BEGIN Raw data

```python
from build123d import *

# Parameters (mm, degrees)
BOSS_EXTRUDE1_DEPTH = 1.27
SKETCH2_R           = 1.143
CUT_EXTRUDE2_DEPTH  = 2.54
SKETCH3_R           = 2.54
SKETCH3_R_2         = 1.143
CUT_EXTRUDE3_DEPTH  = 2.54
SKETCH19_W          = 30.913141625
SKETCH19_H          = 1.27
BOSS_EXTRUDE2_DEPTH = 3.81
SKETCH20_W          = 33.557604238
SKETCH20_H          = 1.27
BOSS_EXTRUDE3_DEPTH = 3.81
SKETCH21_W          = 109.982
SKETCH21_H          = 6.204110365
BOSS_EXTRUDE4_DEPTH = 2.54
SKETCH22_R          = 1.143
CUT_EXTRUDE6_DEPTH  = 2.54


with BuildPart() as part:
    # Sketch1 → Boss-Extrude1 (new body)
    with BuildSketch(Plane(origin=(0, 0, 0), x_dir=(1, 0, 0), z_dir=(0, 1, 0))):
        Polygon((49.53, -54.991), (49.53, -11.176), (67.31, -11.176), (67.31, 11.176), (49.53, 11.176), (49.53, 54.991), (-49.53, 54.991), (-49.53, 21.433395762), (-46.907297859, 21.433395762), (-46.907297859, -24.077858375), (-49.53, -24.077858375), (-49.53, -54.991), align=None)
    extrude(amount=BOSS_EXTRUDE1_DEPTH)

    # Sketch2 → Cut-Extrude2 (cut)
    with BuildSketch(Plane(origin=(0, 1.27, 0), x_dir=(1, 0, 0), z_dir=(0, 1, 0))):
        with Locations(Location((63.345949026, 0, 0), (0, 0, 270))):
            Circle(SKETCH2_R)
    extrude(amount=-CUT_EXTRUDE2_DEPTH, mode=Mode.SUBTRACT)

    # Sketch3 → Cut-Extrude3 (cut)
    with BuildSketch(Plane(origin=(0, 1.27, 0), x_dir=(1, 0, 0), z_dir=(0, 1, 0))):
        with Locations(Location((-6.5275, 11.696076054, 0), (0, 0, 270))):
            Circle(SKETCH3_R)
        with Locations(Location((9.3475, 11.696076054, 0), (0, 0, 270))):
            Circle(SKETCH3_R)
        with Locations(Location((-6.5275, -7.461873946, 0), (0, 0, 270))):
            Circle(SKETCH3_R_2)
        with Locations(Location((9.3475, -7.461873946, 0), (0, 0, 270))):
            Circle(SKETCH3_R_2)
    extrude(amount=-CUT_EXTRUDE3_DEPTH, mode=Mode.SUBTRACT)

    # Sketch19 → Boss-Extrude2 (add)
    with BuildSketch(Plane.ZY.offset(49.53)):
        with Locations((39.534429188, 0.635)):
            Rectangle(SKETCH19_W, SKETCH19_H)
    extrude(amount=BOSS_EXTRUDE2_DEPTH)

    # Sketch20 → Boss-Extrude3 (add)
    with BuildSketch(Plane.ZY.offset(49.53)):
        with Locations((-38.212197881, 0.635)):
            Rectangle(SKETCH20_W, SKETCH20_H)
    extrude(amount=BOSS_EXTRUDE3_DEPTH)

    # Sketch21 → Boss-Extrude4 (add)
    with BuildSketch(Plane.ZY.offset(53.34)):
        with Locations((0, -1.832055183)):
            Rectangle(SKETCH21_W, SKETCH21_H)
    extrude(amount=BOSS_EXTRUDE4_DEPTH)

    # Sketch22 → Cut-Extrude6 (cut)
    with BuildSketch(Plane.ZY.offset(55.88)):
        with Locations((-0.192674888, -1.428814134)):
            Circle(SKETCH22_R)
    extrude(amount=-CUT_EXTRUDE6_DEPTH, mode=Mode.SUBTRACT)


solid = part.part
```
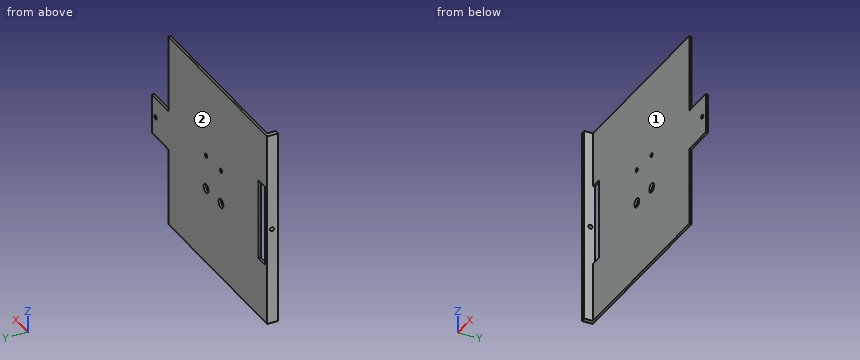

END Raw data

> Directions for this task:
Check each line of the material for the word "part", then say how many have it. Give the number only.

> Problem solution:
2